* _ASSIGNMENT_
Among the entries below, find all lines that include "result" and copy them.

* _DATA FOR PROCESSING_
—————

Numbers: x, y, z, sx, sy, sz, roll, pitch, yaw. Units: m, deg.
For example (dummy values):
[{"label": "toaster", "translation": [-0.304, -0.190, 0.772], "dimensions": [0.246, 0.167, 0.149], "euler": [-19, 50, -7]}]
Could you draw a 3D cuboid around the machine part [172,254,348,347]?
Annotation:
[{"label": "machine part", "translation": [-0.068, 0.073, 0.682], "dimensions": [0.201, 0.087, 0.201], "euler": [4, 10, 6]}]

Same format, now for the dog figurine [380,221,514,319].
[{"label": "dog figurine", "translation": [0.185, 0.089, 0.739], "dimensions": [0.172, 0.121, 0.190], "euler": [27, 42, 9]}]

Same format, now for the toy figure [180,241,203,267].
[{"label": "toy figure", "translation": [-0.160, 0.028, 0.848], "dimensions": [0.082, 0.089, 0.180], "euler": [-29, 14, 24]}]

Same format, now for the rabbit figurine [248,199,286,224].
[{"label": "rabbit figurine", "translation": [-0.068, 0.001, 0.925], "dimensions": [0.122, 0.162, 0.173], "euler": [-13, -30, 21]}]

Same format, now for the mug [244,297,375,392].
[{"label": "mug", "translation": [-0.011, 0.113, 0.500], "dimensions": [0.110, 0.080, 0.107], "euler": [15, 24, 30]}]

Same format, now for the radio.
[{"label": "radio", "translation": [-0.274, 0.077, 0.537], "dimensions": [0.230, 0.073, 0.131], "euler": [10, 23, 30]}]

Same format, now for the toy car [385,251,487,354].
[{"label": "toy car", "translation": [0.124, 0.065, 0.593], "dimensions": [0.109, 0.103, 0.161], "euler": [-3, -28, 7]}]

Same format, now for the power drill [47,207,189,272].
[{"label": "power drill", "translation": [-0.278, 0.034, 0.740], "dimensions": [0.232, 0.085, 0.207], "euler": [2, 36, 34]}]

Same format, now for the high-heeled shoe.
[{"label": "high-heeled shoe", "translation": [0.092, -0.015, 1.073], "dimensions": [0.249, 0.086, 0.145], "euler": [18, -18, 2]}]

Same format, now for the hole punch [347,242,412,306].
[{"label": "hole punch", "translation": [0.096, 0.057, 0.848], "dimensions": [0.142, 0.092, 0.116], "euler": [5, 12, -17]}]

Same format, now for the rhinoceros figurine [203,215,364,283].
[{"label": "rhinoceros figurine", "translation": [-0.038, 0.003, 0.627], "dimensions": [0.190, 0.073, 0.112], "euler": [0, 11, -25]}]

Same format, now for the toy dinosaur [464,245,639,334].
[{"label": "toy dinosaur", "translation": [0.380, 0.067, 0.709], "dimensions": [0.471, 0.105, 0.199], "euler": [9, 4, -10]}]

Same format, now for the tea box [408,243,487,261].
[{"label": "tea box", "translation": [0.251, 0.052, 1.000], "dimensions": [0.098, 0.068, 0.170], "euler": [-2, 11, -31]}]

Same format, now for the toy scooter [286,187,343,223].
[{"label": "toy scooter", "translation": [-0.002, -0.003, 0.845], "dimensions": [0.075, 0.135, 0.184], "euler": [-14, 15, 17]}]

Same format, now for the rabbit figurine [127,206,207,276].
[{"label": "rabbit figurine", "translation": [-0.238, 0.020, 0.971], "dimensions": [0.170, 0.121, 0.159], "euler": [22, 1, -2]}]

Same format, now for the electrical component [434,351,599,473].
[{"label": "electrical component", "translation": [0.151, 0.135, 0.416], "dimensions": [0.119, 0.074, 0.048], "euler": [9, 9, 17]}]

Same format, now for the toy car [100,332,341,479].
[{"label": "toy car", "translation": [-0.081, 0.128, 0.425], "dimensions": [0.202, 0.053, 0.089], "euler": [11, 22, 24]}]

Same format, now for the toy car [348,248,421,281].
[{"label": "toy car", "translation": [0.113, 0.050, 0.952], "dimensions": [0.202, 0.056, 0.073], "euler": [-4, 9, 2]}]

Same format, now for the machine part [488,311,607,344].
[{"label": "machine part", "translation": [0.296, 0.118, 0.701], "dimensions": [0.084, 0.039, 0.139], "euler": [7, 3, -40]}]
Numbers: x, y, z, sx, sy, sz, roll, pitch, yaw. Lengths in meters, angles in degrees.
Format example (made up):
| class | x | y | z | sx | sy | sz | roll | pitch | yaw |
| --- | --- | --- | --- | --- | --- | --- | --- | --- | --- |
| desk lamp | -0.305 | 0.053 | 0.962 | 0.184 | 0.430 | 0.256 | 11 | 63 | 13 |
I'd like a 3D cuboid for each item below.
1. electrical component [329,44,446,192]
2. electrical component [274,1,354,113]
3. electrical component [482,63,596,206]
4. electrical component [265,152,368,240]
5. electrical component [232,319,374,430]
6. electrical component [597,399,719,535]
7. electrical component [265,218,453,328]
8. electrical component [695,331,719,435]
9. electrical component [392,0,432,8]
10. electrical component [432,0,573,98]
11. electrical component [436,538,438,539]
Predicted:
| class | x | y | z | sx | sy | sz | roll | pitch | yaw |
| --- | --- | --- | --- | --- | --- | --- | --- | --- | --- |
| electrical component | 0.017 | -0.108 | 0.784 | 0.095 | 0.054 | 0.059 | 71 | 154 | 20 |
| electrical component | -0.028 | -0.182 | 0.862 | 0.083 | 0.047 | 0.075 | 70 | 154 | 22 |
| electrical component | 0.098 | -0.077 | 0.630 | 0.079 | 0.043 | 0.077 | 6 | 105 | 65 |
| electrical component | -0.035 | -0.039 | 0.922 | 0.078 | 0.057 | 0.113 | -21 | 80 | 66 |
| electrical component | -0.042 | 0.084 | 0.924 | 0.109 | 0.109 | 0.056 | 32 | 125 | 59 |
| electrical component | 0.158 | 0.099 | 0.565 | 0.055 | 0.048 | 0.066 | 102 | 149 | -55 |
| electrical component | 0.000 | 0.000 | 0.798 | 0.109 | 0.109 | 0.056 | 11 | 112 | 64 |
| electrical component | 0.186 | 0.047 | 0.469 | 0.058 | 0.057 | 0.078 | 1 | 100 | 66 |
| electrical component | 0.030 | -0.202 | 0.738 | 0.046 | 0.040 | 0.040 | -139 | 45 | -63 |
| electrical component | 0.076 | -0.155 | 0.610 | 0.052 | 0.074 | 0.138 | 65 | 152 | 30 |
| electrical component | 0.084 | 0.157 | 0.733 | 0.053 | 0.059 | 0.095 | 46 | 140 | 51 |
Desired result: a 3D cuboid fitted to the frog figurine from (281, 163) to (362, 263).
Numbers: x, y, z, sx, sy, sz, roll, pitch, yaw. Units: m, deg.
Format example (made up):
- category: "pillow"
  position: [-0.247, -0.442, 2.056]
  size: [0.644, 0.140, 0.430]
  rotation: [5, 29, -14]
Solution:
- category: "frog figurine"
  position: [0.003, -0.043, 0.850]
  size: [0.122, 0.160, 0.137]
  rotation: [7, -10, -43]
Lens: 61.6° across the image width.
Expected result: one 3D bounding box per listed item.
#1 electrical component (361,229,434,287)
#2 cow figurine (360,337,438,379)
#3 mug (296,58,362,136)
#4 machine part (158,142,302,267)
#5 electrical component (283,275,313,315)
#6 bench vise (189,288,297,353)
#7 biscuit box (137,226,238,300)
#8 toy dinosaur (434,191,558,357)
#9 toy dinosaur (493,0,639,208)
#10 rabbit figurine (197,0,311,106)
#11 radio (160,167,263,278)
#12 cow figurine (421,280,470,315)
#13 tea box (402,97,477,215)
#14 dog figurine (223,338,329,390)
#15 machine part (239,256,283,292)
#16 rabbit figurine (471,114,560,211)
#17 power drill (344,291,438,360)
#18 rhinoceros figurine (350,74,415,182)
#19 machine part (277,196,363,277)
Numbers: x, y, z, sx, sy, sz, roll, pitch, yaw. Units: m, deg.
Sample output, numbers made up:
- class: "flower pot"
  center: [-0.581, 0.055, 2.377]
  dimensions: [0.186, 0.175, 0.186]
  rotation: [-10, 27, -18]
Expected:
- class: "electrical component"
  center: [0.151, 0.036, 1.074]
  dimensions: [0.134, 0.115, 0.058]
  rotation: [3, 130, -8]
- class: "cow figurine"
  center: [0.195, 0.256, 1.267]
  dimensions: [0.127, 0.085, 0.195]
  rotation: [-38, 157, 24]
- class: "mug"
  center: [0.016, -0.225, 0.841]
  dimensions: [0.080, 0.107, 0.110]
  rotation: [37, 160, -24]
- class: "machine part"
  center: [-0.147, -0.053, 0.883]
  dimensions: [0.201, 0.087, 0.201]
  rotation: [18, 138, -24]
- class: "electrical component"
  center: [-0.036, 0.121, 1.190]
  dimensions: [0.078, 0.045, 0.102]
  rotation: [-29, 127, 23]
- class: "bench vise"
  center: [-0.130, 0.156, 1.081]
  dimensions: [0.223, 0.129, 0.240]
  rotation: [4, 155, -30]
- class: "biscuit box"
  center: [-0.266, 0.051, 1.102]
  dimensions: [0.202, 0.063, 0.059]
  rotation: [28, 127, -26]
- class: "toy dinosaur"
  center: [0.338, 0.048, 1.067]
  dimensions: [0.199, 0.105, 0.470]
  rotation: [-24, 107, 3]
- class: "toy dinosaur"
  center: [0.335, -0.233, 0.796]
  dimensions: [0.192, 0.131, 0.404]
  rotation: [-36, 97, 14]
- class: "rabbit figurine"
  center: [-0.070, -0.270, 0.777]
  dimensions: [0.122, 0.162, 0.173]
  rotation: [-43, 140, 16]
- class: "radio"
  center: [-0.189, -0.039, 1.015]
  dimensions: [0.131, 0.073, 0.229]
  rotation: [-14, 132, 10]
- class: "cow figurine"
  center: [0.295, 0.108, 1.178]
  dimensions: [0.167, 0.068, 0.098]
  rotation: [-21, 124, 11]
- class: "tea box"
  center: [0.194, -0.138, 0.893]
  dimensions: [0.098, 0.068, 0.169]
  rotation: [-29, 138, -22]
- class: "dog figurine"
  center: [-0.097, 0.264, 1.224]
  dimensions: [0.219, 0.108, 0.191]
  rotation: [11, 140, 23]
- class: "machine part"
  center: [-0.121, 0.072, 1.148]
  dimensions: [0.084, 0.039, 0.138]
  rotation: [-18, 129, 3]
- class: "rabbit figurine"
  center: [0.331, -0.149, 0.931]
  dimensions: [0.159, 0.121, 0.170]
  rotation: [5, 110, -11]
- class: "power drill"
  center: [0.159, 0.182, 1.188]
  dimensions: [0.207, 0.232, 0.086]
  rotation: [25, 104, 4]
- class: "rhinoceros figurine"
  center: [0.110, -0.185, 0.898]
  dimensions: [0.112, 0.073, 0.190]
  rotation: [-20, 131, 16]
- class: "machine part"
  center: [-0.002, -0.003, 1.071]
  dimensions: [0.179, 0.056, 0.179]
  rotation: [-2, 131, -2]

—————

* _FINAL ANSWER_
Desired result: a 3D cuboid fitted to the frog figurine from (281, 163) to (362, 263).
Expected result: one 3D bounding box per listed item.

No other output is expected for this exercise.